GUEST BLOG: Giving safety feedback that motivates
By Thomas E. Boyce, Ph.D.
My many years of experience assisting companies in developing leaders and reducing injury rates and 120 years of behavioral science have taught me that there is no need to “over justify” safety with promises of rewards and trinkets. Yes, these things are nice and, when used properly, send a positive message. However, when used as a primary means of motivating safety, the result is predictable. You get changes in behavior when the rewards are in effect (assuming you are focusing the rewards on behaviors rather than on avoiding injuries), and these improvements are lost when the rewards are removed.
So, how do you visibly demonstrate that safety is a value in your organization? You walk the talk by giving safety feedback effectively. With this approach, you will see visible improvements in safety on a day-to-day basis and also in your key safety performance measures (e.g., recordable injury rate). You are also likely to see improved production and a better “bottom line.” I also expect you will see improved employee morale.
By definition, feedback is information about performance that allows the performer to change his or her behavior. To give safety feedback that motivates does the following:
- Focus on observable behaviors rather than on the absence of injuries.
When we define safety in terms of behaviors that make an injury less likely (e.g., using appropriate PPE, using the right tool for the job, following procedures, etc.), we identify the potential for injury before it occurs. When behavior feedback corrects an at-risk behavior without criticism, we are practicing prevention. To avoid the blame game, take a situational perspective and avoid labels to describe behavior. Finally, realize that simply correcting without criticism is not enough.
- Provide positive feedback for safe performance, not just corrective feedback for poor performance.
As important as corrective feedback is, we should also provide praise for the safe behaviors observed. When done properly, this form of “social reinforcement” will increase the value of safe behaviors relative to more at-risk ways of accomplishing the same task. Praise should be genuine and specific.
- Provide feedback right away, and be specific about what was seen.
To prevent injuries due to at-risk behavior, corrective feedback must occur immediately to sufficiently reduce exposure to the risk. Likewise, to compete with the immediate comfort, convenience, and time-savings often experienced by the performer of at-risk behavior, positive feedback should be given right away. If this is not practical, then add even more detail. Being specific will help the performer re-live the event, increasing the likelihood that he or she will perform the safe behavior again in similar circumstances.

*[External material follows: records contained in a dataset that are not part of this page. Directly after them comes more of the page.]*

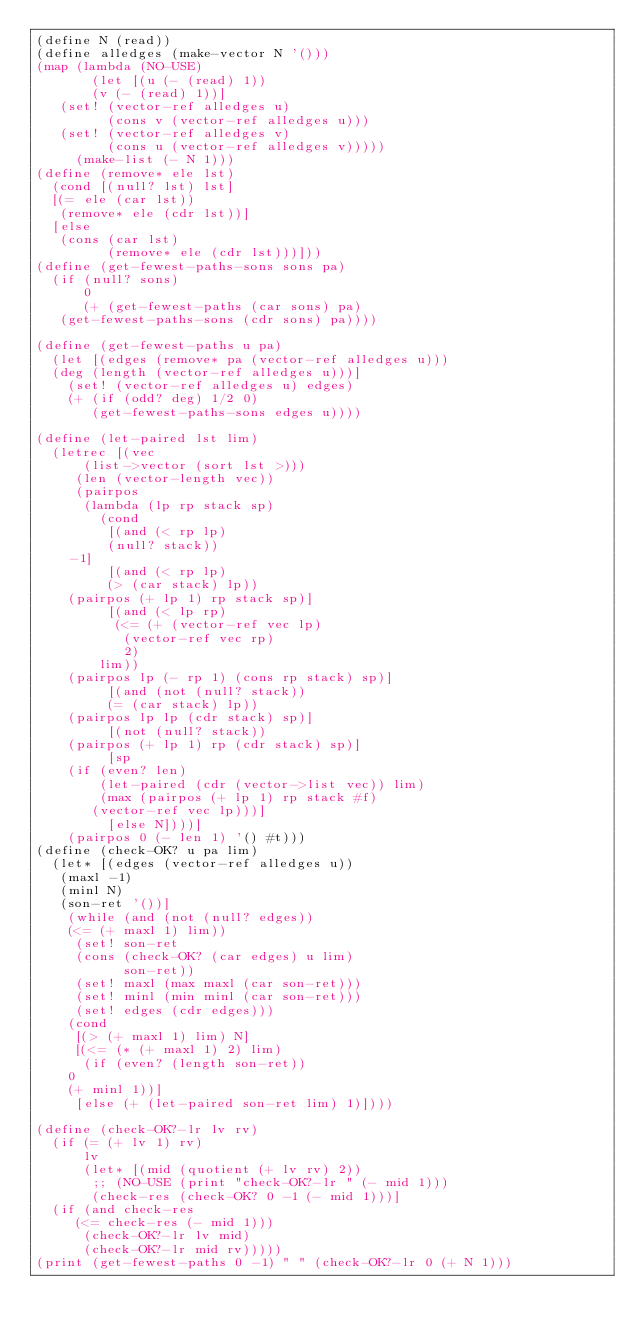Convert code to text. <code><loc_0><loc_0><loc_500><loc_500><_Scheme_>(define N (read))
(define alledges (make-vector N '()))
(map (lambda (NO-USE)
       (let [(u (- (read) 1))
	     (v (- (read) 1))]
	 (set! (vector-ref alledges u)
	       (cons v (vector-ref alledges u)))
	 (set! (vector-ref alledges v)
	       (cons u (vector-ref alledges v)))))
     (make-list (- N 1)))
(define (remove* ele lst)
  (cond [(null? lst) lst]
	[(= ele (car lst))
	 (remove* ele (cdr lst))]
	[else
	 (cons (car lst)
	       (remove* ele (cdr lst)))]))
(define (get-fewest-paths-sons sons pa)
  (if (null? sons)
      0
      (+ (get-fewest-paths (car sons) pa)
	 (get-fewest-paths-sons (cdr sons) pa))))

(define (get-fewest-paths u pa)
  (let [(edges (remove* pa (vector-ref alledges u)))
	(deg (length (vector-ref alledges u)))]
    (set! (vector-ref alledges u) edges)
    (+ (if (odd? deg) 1/2 0)
       (get-fewest-paths-sons edges u))))

(define (let-paired lst lim)
  (letrec [(vec
	    (list->vector (sort lst >)))
	   (len (vector-length vec))
	   (pairpos
	    (lambda (lp rp stack sp)
	      (cond
	       [(and (< rp lp)
		     (null? stack))
		-1]
	       [(and (< rp lp)
		     (> (car stack) lp))
		(pairpos (+ lp 1) rp stack sp)]
	       [(and (< lp rp)
			    (<= (+ (vector-ref vec lp)
				   (vector-ref vec rp)
				   2)
				lim))
		(pairpos lp (- rp 1) (cons rp stack) sp)]
	       [(and (not (null? stack))
		     (= (car stack) lp))
		(pairpos lp lp (cdr stack) sp)]
	       [(not (null? stack))
		(pairpos (+ lp 1) rp (cdr stack) sp)]
	       [sp
		(if (even? len)
		    (let-paired (cdr (vector->list vec)) lim)
		    (max (pairpos (+ lp 1) rp stack #f)
			 (vector-ref vec lp)))]
	       [else N])))]
    (pairpos 0 (- len 1) '() #t)))
(define (check-OK? u pa lim)
  (let* [(edges (vector-ref alledges u))
	 (maxl -1)
	 (minl N)
	 (son-ret '())]
    (while (and (not (null? edges))
		(<= (+ maxl 1) lim))
	   (set! son-ret
		 (cons (check-OK? (car edges) u lim)
		       son-ret))
	   (set! maxl (max maxl (car son-ret)))
	   (set! minl (min minl (car son-ret)))
	   (set! edges (cdr edges)))
    (cond
     [(> (+ maxl 1) lim) N]
     [(<= (* (+ maxl 1) 2) lim)
      (if (even? (length son-ret))
	  0
	  (+ minl 1))]
     [else (+ (let-paired son-ret lim) 1)])))

(define (check-OK?-lr lv rv)
  (if (= (+ lv 1) rv)
      lv
      (let* [(mid (quotient (+ lv rv) 2))
	     ;; (NO-USE (print "check-OK?-lr " (- mid 1)))
	     (check-res (check-OK? 0 -1 (- mid 1)))]
	(if (and check-res
		 (<= check-res (- mid 1)))
	    (check-OK?-lr lv mid)
	    (check-OK?-lr mid rv)))))
(print (get-fewest-paths 0 -1) " " (check-OK?-lr 0 (+ N 1)))
</code> 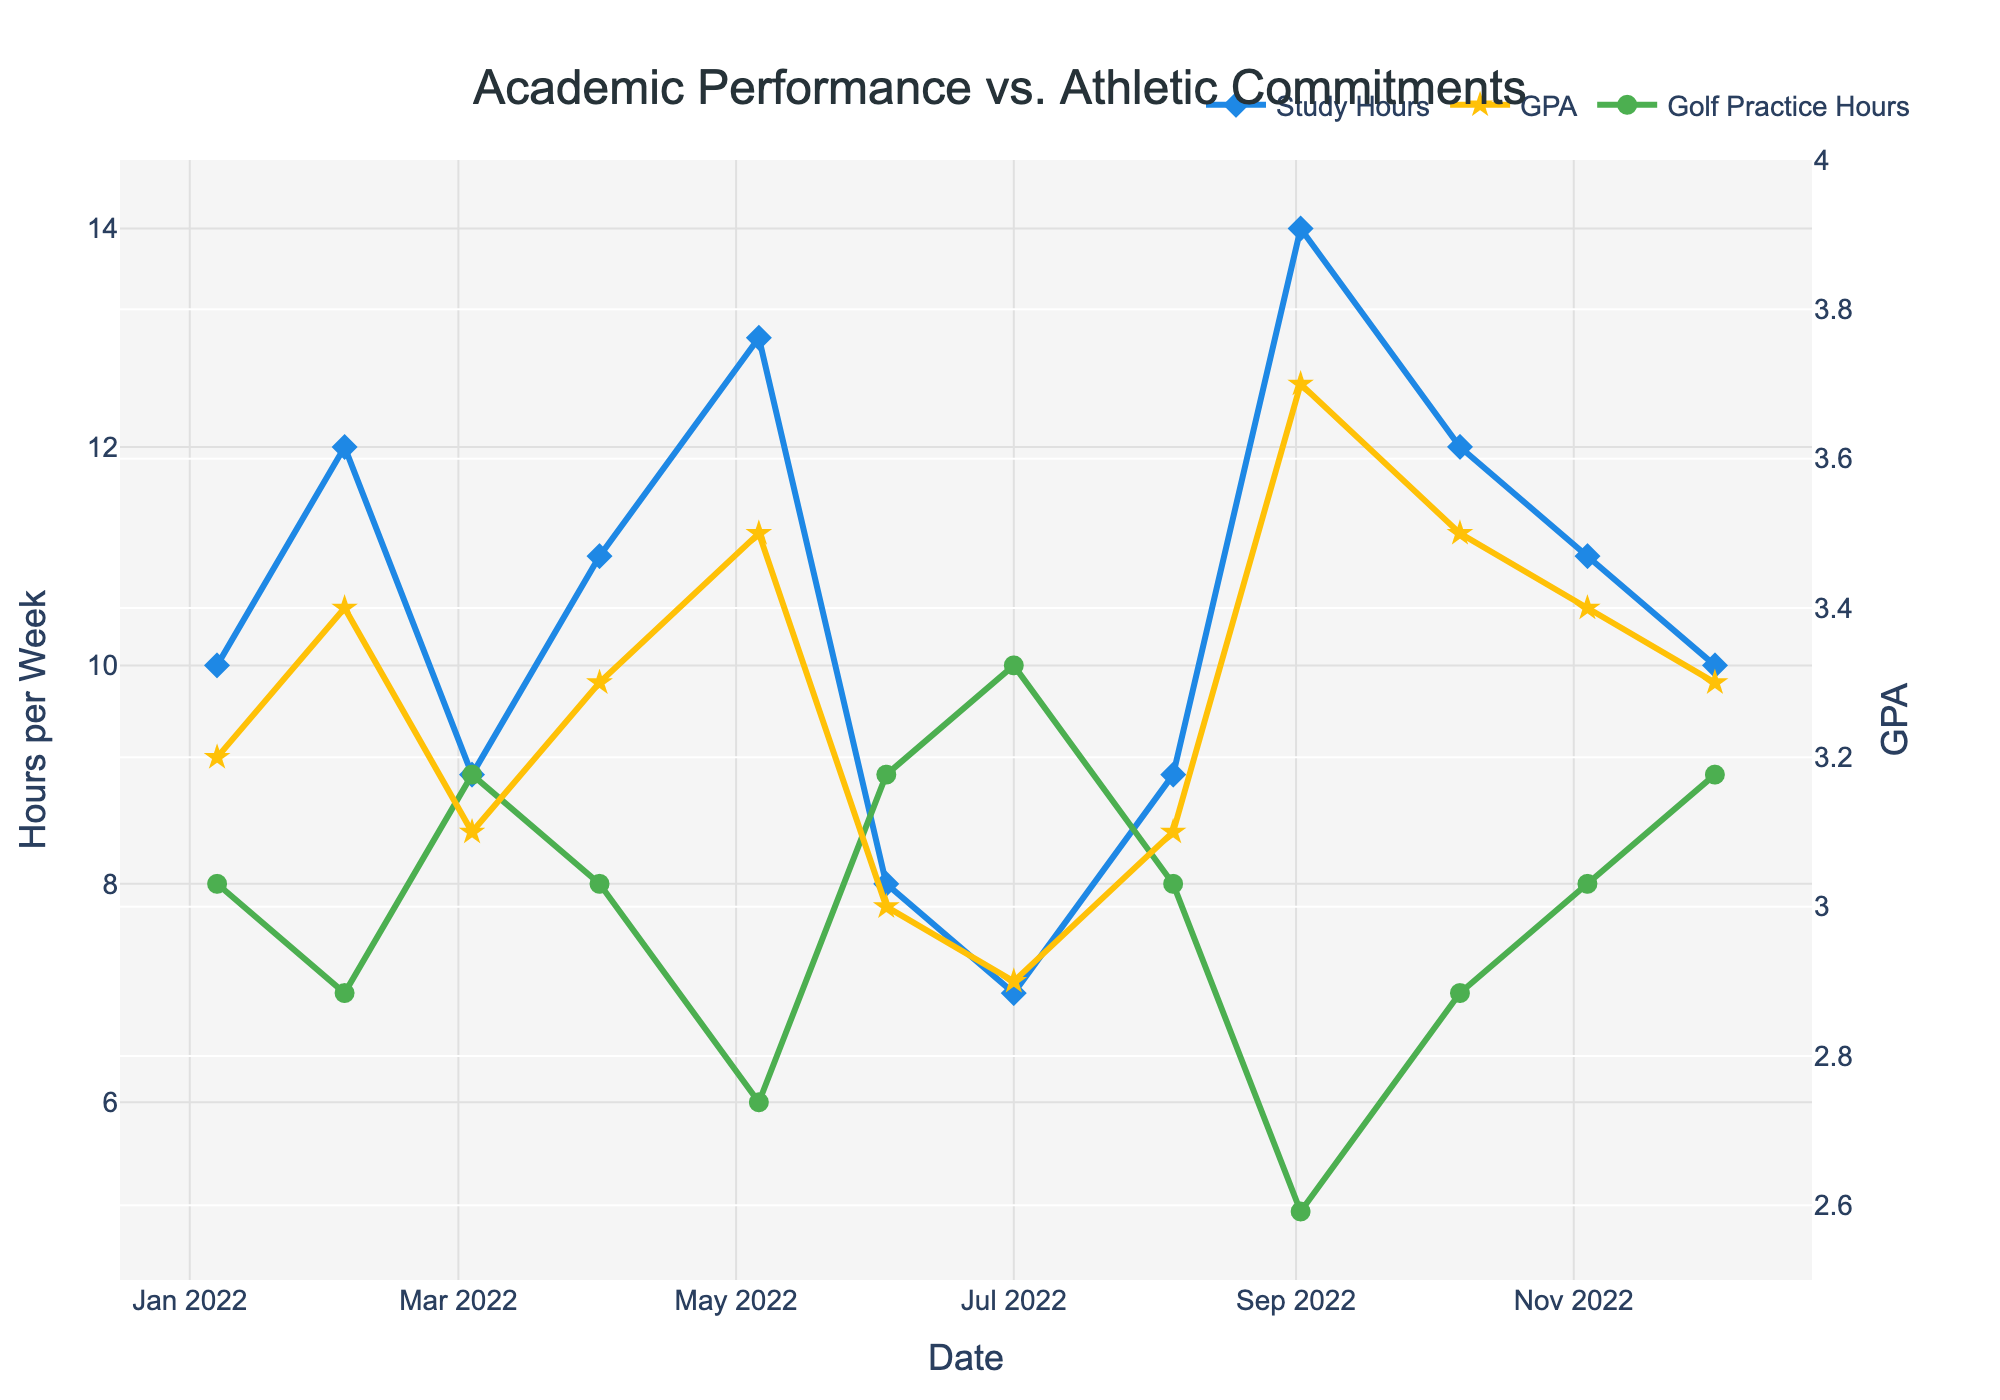What is the title of the figure? The title of the figure is located at the top and provides a summary of what the figure represents. Here, it reads "Academic Performance vs. Athletic Commitments."
Answer: Academic Performance vs. Athletic Commitments What color represents the Golf Practice Hours trend? By examining the legend, we note that the Golf Practice Hours trend is represented by green lines and markers.
Answer: Green When did the highest GPA occur, and what was its value? Look for the peak value along the GPA (yellow) trend line and read the corresponding date and number next to it. It occurs in September 2022, with a GPA of 3.7.
Answer: September 2022, 3.7 How do the hours studied per week change from January to December? Track the blue line (Hours Studied Per Week) from January (10 hours) to December (10 hours) and observe the variations within these months. This involves checking each point on the blue line.
Answer: Fluctuates, then returns to 10 hours What is the average GPA from January to December? Add all the GPA values (3.2 + 3.4 + 3.1 + 3.3 + 3.5 + 3.0 + 2.9 + 3.1 + 3.7 + 3.5 + 3.4 + 3.3) and divide by the number of months (12). The sum is 39.4 and the average is 39.4/12.
Answer: 3.28 Which month had the lowest number of golf practice hours and how many hours were they? Identify the minimum value in the green Golf Practice Hours trend and read the corresponding month. The least number of golf practice hours occurred in September, with 5 hours.
Answer: September, 5 hours Is there a month where hours studied and golf practice hours were equal? Compare the blue and green lines at each point. No month has equal values.
Answer: No How does the trend in GPA generally relate to hours studied per week? Observe the trends and note how in most months, a higher number of hours studied per week (blue line) often corresponds to a higher GPA (yellow line), suggesting a positive correlation.
Answer: Positive correlation What is the change in hours spent on golf practice from June to July? Find the number of hours in June (9) and July (10), and compute the difference. The increase is 10 - 9.
Answer: Increased by 1 hour

Being specific also demonstrates that you took the time to notice and care about that on which you commented.
- Provide corrective feedback whenever needed and positive feedback more often.
In a reasonably well-functioning safety culture, there should be a lot of safe behaviors observed. Each is an opportunity to increase the value of safety. While it may not be necessary to praise every instance of safe behavior, we should be able to find more things to praise than to correct. So, if you’re good at correcting, a ratio of approximately four instances of praise to each item corrected will get you in the ball park of using positive feedback often enough (see the comment above about being genuine).
- Provide both positive and corrective feedback in private.
The old management saying that we should “praise publicly” and “reprimand privately” is NOT good advice. Specifically, BOTH should be done one-on-one and in private. The virtue of doing this with corrective feedback is obvious. And, with positive feedback you can avoid embarrassing the recipient of the feedback in the presence of their peers (which will negate the intended positive impact of the feedback). Moreover, you can avoid others thinking that they were equally as deserving of the praise (which becomes a negative to them even if a positive to the individual recipient of the feedback).
- Avoid the feedback sandwich — positive and corrective feedback should stand alone.
Many managers are taught that, when providing feedback, they should start with a positive to make a person feel good, follow with a corrective to address the real issue, and end with a positive to motivate the person to action. This is called the “feedback sandwich” and should NOT ever be done. It only confuses people, making each type of feedback less effective. Correction or praise can stand alone. Consider that, if you have recently genuinely praised an employee for safe behavior and do so regularly, he or she will be more receptive to the correction without the need to be “buttered up.” It is only in cultures where genuine praise is not available that “buttering up” is needed to prevent the defensiveness produced by correction. And, as stated before, even under these circumstances, the “sandwich method” is far from optimal.
- To resolve conflict, use “and” instead of “but” or “however.”
We often assert our point of view with the words “but” or “however.” By definition, these pivot words negate whatever the other party has said. This will create a platform for defensiveness. Respect people’s rights to their opinions by considering that more than one position could be true. To demonstrate this respect, add your point of view by starting with the word “and”. It will feel awkward in the beginning and still do wonders to de-escalate conflict.
While not an exhaustive list of communication principles, the strategies above will help you to better communicate about the safety performance of others. If you apply these principles regularly, they will become routine. And, the improvements in safety you produce will be readily observed and meaningful.